Illinois recipients of mental health and developmental disability treatment and services.

Your legal rights

Your personal freedom and property rights

This Section discusses your rights as a recipient of mental health treatment or developmental disability habilitation services.

Under the MHDDA, the term "mental health treatment" includes:

  • Hospitalization,
  • Partial hospitalization,
  • Outpatient care,
  • Examination and diagnosis, and
  • Any other type of care aimed at improving your mental condition.

The term "developmental disability habilitation services" means residential care or other services provided by a facility to increase the level of functioning a person with a developmental disability. This includes:

  • Day care,
  • Sheltered living arrangements,
  • Sheltered employment,
  • Medical care, and
  • Training.

Specifically, this Section discusses your rights under the Mental Health and Developmental Disabilities Code (MHDD Code). These rights apply whether you receive treatment from a private or a state-operated facility. These rights also apply whether you are receiving inpatient or outpatient care.
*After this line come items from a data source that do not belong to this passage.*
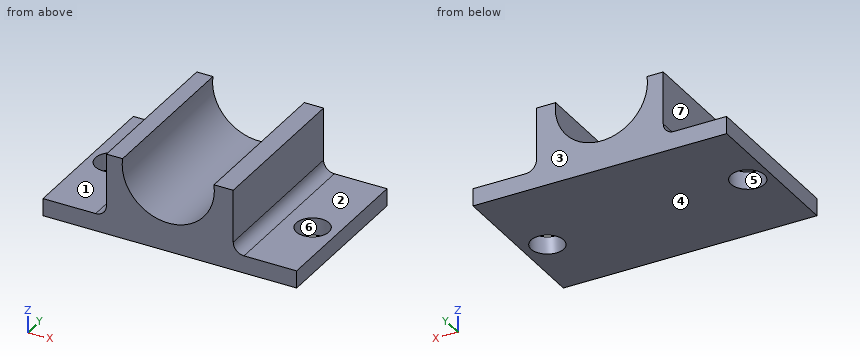
from build123d import *

# Parameters (mm, degrees)
F1_DEPTH = 76.2
F2_R     = 5.08
F3_R     = 7.707036
F3_R_2   = 7.889442
F4_DEPTH = 25.4


with BuildPart() as f1:
    # F0 (on Front) → F1 (new body)
    with BuildSketch(Plane.XZ):
        with BuildLine():
            Line((-63.861191, -13.506276), (-63.861191, -21.727486))
            Line((-63.861191, -21.727486), (55.933593, -21.727486))
            Line((55.933593, -21.727486), (55.933593, -13.506276))
            Line((55.933593, -13.506276), (25.984896, -13.506276))
            Line((25.984896, -13.506276), (25.984896, 16.442422))
            Line((25.984896, 16.442422), (16.882844, 16.442422))
            ThreePointArc((16.882844, 16.442422), (-4.697835, -8.147052), (-26.278514, 16.442422))
            Line((-26.278514, 16.442422), (-33.912495, 16.442422))
            Line((-33.912495, 16.442422), (-33.912495, -13.506276))
            Line((-33.912495, -13.506276), (-63.861191, -13.506276))
        make_face()
    extrude(amount=F1_DEPTH)

    # F2
    f2_edges = [f1.edges().sort_by_distance(p)[0] for p in [
        (-33.912495, -38.1, -13.506276),
        (25.984896, -38.1, -13.506276),
    ]]
    fillet(f2_edges, radius=F2_R)

    # F3 (on face) → F4 (cut)
    with BuildSketch(Plane.XY.offset(-13.506276)):
        with Locations((44.482626, -42.280514)):
            Circle(F3_R)
        with Locations((-53.291064, -36.701836)):
            Circle(F3_R_2)
    extrude(amount=-F4_DEPTH, mode=Mode.SUBTRACT)


solid = f1.part
Can you work these out from the model? Positions are in its coordinate system, mm. Face numbers are marked on the shaded views. A direction names the side the tool comes from. Round coordinates to 2 decimals unless told otherwise and drop trailing zeros. Order: outer loops, then holes, each group sorted by start corner. A loop starts at its lowest first (then second) coordinate and runs counter-clockwise, first axis right, second up. Notation, with made-up numbers: M -29.75,38.25 L 23.25,38.25 A21 cw 23.25,68.25 Z; hole C -10,3 d11. An arc over 180 degrees is marked long. Use a Markdown table: item, result.
1) Imagine slicing it at D-D (y = -12). List the corners of the cut face in (x, z) for me, then the cut area to 3 significant figures.
Geometry says:
| item | result |
|---|---|
| outline | M -63.86,-21.73 L 55.93,-21.73 L 55.93,-13.51 L 31.06,-13.51 A5.08 cw 25.98,-8.43 L 25.98,16.44 L 16.88,16.44 A21.76 cw long -26.28,16.44 L -33.91,16.44 L -33.91,-8.43 A5.08 cw -38.99,-13.51 L -63.86,-13.51 Z |
| area | 1,920 mm² |
2) Imagine slicing it at A-A (z = 9). List the corners of the cut face in (x, y) for me, then the cut area to 3 significant figures.
Geometry says:
| item | result |
|---|---|
| outline | M -33.91,-76.2 L -25.97,-76.2 L -25.97,0 L -33.91,0 Z; M 16.57,-76.2 L 25.98,-76.2 L 25.98,0 L 16.57,0 Z |
| area | 1,320 mm² |
3) On a 3-axis mill with a long thin cutter (end or side, diameter ignored), from which of +Z, -Z, +X, -X, +Y, -Y can I reach the whole of each face in a straight line? I mean the marked faces 1, 2 and 3. Say none if no direction works.
Geometry says:
| item | result |
|---|---|
| face 1 | +Z, -X, +Y, -Y |
| face 2 | +Z, +X, +Y, -Y |
| face 3 | +Z, -Z, +X, -X, +Y |
4) If we mould it in two halves opening along X, with no side actions, what happens to the marked faces 4, 5, 6 and 7? For each: +X half, -X half, draft (parallel to the pull), parting line (faces both ways), or undercut.
Geometry says:
| item | result |
|---|---|
| face 4 | draft |
| face 5 | undercut |
| face 6 | undercut |
| face 7 | -X half |
5) I'm going to push flat-ended pins straight in: P1, Ø6, axis at x = -5, y = -35, coming from the +Z side; P2, Ø2, axis at y = -50, z = 12, coming from the +X side; P3, Ø7.5, axis at x = -56, y = -33, coming from the +Z side; P4, Ø20, axis at x = 44.48, y = -42.28, coming from the -Z side. Where does each tip first touch, or does it pass through?
Geometry says:
| item | result |
|---|---|
| P1 | stops at z = -7.9 |
| P2 | stops at x = 25.98 |
| P3 | stops at z = -13.51 |
| P4 | stops at z = -21.73 |
6) Imagine slicing it at B-B (y = -46). List the corners of the cut face in (x, z) for me, then the cut area to 3 significant figures.
Geometry says:
| item | result |
|---|---|
| outline | M -63.86,-21.73 L 37.73,-21.73 L 37.73,-13.51 L 31.06,-13.51 A5.08 cw 25.98,-8.43 L 25.98,16.44 L 16.88,16.44 A21.76 cw long -26.28,16.44 L -33.91,16.44 L -33.91,-8.43 A5.08 cw -38.99,-13.51 L -63.86,-13.51 Z; M 51.23,-21.73 L 55.93,-21.73 L 55.93,-13.51 L 51.23,-13.51 Z |
| area | 1,810 mm² |
7) If I drill on line 1 along X through (y, z) = (-42, -19); line 2 along X through (y, z) = (-71, 14); line 3 along Z through (x, y) = (-52.5, -17.5), over which ranges is the centre line in solid material (lowest first)?
Geometry says:
| item | result |
|---|---|
| line 1 | x = -63.86 to -59.14, -47.45 to 36.78, 52.18 to 55.93 |
| line 2 | x = -33.91 to -26.46, 17.06 to 25.98 |
| line 3 | z = -21.73 to -13.51 |
8) Imagine slicing it at C-C (x = -52.5). List the corners of the cut face in (y, z) for me.
Geometry says:
| item | result |
|---|---|
| outline | M -76.2,-21.73 L -44.55,-21.73 L -44.55,-13.51 L -76.2,-13.51 Z; M -28.85,-21.73 L 0,-21.73 L 0,-13.51 L -28.85,-13.51 Z |

Retention of your legal rights

The MHDD Code establishes that you do not lose legal rights just because you receive treatment for mental health (MH) or a developmental disability (DD). Your rights as a citizen are guaranteed by the U.S. Constitution and the Illinois Constitution. Under the MHDD Code, those rights can be limited only to prevent serious harm to yourself or others

No presumption of legal disability

To consider someone legally disabled, the court must decide that the person is not able to safely manage his affairs. This can have serious consequences and can result in the loss of many legal rights. Nobody is legally disabled just because they get mental health or developmental disability services.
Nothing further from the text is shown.